It all really depends on your product type. For small products like mobile phones, tablets, or small consumer products you really don’t necessarily need to go statistical to define sample numbers required. You could just test anywhere from 5 to 20 samples for each test case and you should be fine catching the problems. However, to work out the minimum statistical sample size then you should be able to easily find calculators online that show you how to do minimum statistical samples. Here’s an example calculator.

Typically, 33 samples for a test would approximately give you a CPK (process capability index) of up to 1.33 and that would be sufficient enough to provide pretty good reliability statistical results. Remember, that’s 33 samples for just one product test (and several different ones may be performed), demonstrating how many samples might be required especially as you get closer to production.

For test cases that are critical to the quality of the design, manufacturing, or use case environment then it is wise to go with slightly higher sample sizes, but for some test cases that are not as critical if a failure happens a smaller sample size may be OK, but you’ll still need to have at least a minimum statistical sample size between 3 and 33.

How to reuse samples?

One very important function that a reliability engineer must keep in mind and typically experienced reliability engineers notice is that some of the samples can be reused in more than one test. For example, let’s say you did a temperature & humidity test on a product and they all passed. Can you do a button press or other tests in order to gather even more data on that same product sample? Probably, yes. So, depending on the experience of the reliability engineer what they are really looking for is to get more data out of this one sample and they can create a test “waterfall”.

In the waterfall test process, you take one sample, for example doing a high-temperature test on it then the same sample goes through a low-temperature test, drop test, etc. You will be able to see when it really breaks each time, but maybe not why.

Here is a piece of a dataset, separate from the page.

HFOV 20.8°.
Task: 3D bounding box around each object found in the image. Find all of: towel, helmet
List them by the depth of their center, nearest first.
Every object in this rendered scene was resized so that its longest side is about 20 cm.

By using an aged product sample sometimes you are actually contributing to the sample’s failure due to the gruelling set of tests it’s forced to endure, and the engineer won’t even know which test caused the failure. 

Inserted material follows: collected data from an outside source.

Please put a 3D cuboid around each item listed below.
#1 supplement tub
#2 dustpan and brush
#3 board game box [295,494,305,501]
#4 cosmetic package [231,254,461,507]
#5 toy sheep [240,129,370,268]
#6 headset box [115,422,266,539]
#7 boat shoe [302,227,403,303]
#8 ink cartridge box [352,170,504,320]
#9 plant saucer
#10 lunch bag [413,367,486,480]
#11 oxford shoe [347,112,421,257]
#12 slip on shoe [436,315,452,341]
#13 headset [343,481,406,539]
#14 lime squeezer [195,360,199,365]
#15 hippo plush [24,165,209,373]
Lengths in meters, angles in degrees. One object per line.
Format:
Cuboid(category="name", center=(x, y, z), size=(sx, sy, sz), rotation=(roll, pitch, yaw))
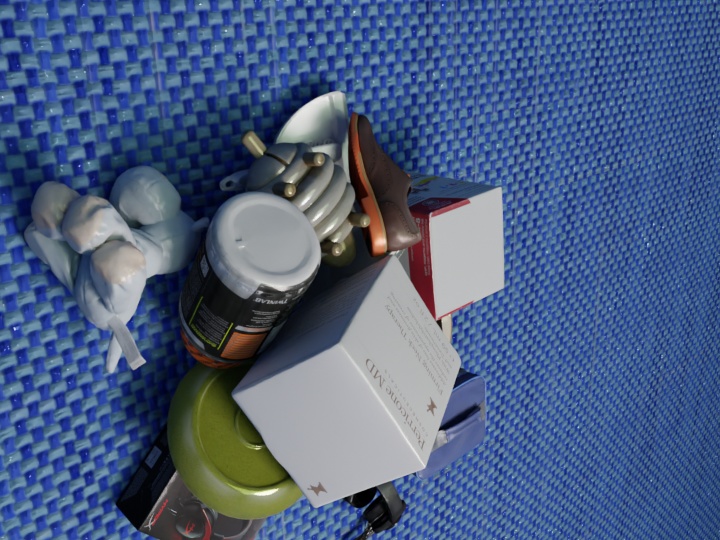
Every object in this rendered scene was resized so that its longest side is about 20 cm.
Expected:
Cuboid(category="supplement tub", center=(-0.130, 0.020, 0.809), size=(0.120, 0.124, 0.201), rotation=(-15, 156, -37))
Cuboid(category="dustpan and brush", center=(-0.089, -0.136, 0.932), size=(0.195, 0.057, 0.143), rotation=(-18, 113, -18))
Cuboid(category="board game box", center=(-0.107, 0.186, 0.921), size=(0.199, 0.039, 0.159), rotation=(40, 52, -7))
Cuboid(category="cosmetic package", center=(-0.007, 0.123, 0.846), size=(0.169, 0.164, 0.201), rotation=(55, 31, -13))
Cuboid(category="toy sheep", center=(-0.069, -0.083, 0.862), size=(0.138, 0.137, 0.202), rotation=(-45, 116, -21))
Cuboid(category="headset box", center=(-0.192, 0.289, 0.964), size=(0.200, 0.074, 0.150), rotation=(45, 72, -40))
Cuboid(category="boat shoe", center=(0.000, 0.000, 0.982), size=(0.061, 0.199, 0.074), rotation=(21, 49, -34))
Cuboid(category="ink cartridge box", center=(0.080, -0.044, 1.022), size=(0.143, 0.198, 0.149), rotation=(-22, 115, -35))
Cuboid(category="plant saucer", center=(-0.127, 0.183, 0.865), size=(0.195, 0.031, 0.205), rotation=(14, 59, -23))
Cuboid(category="lunch bag", center=(0.121, 0.236, 1.190), size=(0.197, 0.131, 0.139), rotation=(-22, 117, -34))
Cuboid(category="oxford shoe", center=(0.026, -0.111, 0.918), size=(0.070, 0.205, 0.072), rotation=(-9, 156, -7))
Cuboid(category="slip on shoe", center=(0.128, 0.038, 1.177), size=(0.059, 0.075, 0.206), rotation=(-16, 106, -29))
Cuboid(category="headset", center=(0.008, 0.363, 1.143), size=(0.093, 0.123, 0.203), rotation=(-37, 145, -25))
Cuboid(category="lime squeezer", center=(-0.174, 0.142, 0.942), size=(0.199, 0.037, 0.072), rotation=(7, 58, -63))
Cuboid(category="hippo plush", center=(-0.230, -0.027, 0.775), size=(0.160, 0.157, 0.203), rotation=(-41, 107, -38))

A better waterfall approach could be to run the sample through the high-temperature test and then only do some other subsequent tests that have nothing to do with the temperature test. That’s likely to be okay and return accurate results for each test. So it’s very important that you have some kind of logic built into the test plan so that once there is a failure engineering can follow that logic and understand what the root cause of the failure was so they can fix it.

 

Understanding what kind of test cases are appropriate for your product type

It’s very important to understand what kind of tests are necessary for your product. Sometimes you can find those on standardized tests such as those published by ASTM, IEC, and a number of others. You can decide which one of those test cases are appropriate for your product. However, there are times when you have a product where you have to create a custom test, for example, if you want to do a drop test but your product must be particularly durable and resistant to being dropped from two meters. That’s a custom drop test based on the requirements you want to meet, not those already outlined in a standard test. 

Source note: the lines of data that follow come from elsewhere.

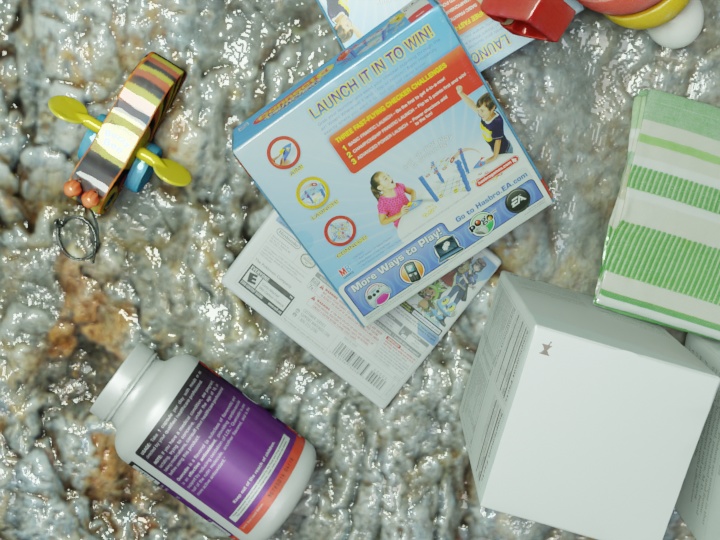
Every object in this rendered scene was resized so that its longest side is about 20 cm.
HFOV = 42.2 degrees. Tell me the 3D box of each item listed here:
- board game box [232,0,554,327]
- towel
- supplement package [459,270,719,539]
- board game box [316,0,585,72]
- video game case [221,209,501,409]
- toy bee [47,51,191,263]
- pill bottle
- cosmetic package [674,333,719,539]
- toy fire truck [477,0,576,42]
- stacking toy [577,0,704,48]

Let’s say, for example, that you are trying to create a new type of keyboard. You have to think about the end-use case/s, such as if the end-user is going to use it just like a typewriter at the office for just a few hours a day or if it is going to be used by a gamer who’s going to sit and bang on the keys for many hours at a time. So in a product like this where there is a low side use case and then there’s a high end-use case you have to keep both of those in mind.
Are most of your customers going to be gamers or just office users? If it’s office users you may not need to test the keyboard as strictly because the cost to make them more reliable may not be worthwhile if they aren’t used enough in normal conditions to break easily. But if you want to be the leader in gaming keyboards it’s a totally different story. You’d better make it a lot more reliable so that it is going to last and take a lot of punishment and the gamers will give you great reviews (they’re more likely to be active online and reviewing products and services in all likelihood).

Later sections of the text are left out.